Segment Start: Records shown

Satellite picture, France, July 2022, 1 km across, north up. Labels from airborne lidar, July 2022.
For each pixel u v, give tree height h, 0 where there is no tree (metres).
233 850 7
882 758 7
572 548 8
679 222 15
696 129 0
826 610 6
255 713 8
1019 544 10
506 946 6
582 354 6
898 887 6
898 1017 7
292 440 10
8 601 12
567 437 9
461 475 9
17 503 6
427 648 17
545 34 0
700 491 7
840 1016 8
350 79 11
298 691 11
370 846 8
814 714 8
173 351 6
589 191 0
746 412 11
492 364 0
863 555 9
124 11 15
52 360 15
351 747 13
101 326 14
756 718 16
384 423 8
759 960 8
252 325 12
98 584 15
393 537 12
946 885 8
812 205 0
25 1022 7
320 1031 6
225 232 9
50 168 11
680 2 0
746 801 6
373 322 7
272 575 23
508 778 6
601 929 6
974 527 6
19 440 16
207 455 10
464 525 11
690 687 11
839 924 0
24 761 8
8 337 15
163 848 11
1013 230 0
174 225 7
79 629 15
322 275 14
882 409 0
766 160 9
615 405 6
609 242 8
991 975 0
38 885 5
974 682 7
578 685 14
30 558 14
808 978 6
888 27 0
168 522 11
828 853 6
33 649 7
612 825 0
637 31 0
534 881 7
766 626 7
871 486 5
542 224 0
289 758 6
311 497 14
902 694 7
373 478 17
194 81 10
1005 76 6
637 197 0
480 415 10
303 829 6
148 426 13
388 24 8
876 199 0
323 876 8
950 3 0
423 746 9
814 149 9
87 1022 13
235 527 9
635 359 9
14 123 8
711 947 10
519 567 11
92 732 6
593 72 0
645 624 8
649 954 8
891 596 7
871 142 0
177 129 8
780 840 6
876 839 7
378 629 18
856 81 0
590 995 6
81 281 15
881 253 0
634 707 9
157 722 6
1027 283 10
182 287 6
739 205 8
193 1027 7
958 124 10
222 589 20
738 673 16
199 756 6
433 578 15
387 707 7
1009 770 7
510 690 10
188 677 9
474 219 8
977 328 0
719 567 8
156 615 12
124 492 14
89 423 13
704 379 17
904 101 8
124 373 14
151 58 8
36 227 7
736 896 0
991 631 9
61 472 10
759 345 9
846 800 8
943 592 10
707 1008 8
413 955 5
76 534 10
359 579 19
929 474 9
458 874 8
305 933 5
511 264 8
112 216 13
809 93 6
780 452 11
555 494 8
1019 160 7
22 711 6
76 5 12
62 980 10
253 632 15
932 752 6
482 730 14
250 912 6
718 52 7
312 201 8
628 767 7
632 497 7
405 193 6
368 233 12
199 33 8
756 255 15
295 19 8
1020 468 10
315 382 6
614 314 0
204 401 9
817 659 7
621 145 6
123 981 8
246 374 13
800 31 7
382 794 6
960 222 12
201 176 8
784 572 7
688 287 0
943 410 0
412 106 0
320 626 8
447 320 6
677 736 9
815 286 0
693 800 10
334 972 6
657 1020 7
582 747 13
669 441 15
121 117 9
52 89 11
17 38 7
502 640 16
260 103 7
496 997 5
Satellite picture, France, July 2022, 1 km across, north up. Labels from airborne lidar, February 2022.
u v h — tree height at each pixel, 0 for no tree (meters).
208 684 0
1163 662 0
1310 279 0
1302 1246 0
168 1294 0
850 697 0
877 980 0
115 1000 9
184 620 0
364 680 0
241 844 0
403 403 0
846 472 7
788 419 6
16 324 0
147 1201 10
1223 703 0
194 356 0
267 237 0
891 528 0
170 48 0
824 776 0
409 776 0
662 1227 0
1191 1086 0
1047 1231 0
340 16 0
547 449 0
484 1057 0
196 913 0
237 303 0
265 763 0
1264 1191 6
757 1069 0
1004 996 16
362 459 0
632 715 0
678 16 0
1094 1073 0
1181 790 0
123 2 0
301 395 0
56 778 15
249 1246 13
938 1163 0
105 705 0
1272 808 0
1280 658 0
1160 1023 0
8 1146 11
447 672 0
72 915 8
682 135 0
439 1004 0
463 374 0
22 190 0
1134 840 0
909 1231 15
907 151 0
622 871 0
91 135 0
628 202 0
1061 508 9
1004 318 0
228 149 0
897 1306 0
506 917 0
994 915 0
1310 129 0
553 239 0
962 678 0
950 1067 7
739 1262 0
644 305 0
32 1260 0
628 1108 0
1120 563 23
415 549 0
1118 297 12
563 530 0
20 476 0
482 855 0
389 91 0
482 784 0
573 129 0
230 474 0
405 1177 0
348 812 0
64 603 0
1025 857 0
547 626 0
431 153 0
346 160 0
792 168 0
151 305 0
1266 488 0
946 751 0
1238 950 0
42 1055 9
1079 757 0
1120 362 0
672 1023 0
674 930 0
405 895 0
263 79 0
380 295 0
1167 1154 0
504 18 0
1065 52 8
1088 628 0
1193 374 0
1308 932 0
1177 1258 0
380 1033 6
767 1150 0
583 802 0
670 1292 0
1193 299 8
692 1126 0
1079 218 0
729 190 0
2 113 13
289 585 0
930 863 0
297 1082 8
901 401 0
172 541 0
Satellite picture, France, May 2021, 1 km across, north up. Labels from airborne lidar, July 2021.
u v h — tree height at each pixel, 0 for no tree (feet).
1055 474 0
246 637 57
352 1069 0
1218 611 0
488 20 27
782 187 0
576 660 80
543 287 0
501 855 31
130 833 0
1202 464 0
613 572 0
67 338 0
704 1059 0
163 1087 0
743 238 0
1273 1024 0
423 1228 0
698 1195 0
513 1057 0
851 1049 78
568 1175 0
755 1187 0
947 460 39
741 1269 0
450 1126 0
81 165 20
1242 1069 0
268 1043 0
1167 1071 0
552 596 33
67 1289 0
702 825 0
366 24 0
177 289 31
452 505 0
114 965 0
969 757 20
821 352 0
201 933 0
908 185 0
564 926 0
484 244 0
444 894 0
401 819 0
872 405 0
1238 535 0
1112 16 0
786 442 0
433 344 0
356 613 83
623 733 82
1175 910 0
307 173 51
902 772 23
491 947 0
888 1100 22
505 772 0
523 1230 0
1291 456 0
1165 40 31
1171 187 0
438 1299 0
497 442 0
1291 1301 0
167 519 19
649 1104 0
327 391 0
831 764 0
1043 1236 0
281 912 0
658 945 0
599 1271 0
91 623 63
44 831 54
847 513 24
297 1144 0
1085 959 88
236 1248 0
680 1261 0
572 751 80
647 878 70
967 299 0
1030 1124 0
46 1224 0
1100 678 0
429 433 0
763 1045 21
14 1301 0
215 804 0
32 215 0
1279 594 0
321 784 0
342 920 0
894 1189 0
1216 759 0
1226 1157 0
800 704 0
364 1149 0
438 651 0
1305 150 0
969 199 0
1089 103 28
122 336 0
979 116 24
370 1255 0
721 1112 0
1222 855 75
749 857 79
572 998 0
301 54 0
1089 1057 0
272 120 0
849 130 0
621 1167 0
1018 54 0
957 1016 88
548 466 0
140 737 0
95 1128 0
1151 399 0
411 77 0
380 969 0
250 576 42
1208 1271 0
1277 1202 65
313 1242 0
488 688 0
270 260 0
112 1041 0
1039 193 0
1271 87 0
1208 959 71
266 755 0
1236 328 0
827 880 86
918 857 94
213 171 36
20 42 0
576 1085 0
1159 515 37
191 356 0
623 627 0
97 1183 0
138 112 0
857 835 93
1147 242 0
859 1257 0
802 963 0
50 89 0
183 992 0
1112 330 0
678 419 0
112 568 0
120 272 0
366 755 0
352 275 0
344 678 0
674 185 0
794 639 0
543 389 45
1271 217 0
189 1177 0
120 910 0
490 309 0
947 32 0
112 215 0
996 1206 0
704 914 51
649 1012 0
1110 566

Segment End: Records shown

§ Exercise details
Your task is to find every line above containing the word "each" and copy it.

§ Expected output
For each pixel u v, give tree height h, 0 where there is no tree (metres).
u v h — tree height at each pixel, 0 for no tree (meters).
u v h — tree height at each pixel, 0 for no tree (feet).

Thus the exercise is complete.